WORK INSTRUCTIONS: How many lines of the entries below contain the string "lline"? State the number alone.

INPUT MATERIAL:
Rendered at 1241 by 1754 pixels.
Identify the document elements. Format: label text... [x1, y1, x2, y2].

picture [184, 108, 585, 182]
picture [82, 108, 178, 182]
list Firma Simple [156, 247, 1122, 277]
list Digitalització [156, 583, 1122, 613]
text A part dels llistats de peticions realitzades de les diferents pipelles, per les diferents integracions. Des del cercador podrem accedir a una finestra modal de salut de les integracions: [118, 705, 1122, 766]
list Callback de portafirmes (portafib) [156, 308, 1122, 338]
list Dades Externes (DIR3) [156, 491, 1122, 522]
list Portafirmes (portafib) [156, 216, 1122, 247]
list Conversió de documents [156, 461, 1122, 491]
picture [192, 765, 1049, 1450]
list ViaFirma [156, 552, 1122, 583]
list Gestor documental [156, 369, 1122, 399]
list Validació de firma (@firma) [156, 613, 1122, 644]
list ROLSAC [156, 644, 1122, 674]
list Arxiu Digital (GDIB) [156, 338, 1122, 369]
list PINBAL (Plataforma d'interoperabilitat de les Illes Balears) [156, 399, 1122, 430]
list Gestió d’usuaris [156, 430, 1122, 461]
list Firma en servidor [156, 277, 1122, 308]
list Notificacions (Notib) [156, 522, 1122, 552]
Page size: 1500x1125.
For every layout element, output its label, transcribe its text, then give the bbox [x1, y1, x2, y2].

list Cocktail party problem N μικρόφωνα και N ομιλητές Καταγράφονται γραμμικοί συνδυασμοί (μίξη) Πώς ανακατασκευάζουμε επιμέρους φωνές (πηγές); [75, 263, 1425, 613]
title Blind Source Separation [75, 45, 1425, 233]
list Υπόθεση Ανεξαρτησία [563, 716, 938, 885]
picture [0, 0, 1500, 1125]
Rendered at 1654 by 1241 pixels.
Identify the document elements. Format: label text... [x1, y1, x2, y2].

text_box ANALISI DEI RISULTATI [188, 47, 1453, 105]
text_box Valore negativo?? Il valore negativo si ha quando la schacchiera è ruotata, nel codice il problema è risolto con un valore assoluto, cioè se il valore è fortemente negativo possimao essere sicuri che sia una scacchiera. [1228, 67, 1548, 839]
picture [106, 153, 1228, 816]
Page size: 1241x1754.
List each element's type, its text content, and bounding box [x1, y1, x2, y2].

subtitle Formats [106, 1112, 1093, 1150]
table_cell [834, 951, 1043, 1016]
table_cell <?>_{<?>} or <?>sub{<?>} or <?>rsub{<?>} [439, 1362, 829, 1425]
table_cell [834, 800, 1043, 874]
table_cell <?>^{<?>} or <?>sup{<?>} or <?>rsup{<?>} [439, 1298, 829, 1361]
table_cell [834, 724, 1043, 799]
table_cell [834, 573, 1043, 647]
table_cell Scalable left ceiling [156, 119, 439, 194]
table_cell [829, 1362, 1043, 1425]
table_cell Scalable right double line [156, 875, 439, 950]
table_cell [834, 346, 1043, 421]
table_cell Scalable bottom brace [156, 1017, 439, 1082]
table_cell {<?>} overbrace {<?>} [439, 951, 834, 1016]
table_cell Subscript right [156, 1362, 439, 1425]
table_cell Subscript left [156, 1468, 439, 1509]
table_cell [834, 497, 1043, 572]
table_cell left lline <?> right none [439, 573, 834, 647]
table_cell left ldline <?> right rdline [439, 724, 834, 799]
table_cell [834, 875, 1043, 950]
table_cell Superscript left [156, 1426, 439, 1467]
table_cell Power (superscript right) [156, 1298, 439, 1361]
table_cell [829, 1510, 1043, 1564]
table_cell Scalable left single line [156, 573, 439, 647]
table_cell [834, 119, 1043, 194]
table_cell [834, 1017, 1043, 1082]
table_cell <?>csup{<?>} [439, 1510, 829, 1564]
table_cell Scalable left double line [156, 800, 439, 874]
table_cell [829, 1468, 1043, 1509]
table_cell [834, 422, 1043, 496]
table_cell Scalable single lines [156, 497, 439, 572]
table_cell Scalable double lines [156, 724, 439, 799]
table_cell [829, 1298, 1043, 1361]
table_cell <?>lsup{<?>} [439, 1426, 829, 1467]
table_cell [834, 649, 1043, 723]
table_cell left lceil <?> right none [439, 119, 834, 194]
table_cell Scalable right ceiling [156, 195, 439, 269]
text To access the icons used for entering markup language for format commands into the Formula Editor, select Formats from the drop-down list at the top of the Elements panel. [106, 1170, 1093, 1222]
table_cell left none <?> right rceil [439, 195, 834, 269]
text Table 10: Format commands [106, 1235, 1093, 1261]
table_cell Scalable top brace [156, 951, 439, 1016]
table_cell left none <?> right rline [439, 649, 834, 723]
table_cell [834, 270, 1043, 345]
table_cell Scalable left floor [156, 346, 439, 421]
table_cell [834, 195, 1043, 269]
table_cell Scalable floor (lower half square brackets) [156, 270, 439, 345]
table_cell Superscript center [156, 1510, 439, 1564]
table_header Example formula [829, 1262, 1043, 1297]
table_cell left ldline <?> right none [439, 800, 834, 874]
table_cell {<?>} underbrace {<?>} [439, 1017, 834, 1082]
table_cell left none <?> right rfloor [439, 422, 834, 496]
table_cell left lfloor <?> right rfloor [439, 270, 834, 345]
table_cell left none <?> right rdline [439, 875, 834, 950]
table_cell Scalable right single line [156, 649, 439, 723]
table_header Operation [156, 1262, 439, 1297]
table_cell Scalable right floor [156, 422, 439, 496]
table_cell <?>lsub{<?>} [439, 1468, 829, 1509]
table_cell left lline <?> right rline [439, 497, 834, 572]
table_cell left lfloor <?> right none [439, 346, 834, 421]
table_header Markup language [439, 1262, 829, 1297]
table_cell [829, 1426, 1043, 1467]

SOLUTION TO THIS TASK: 2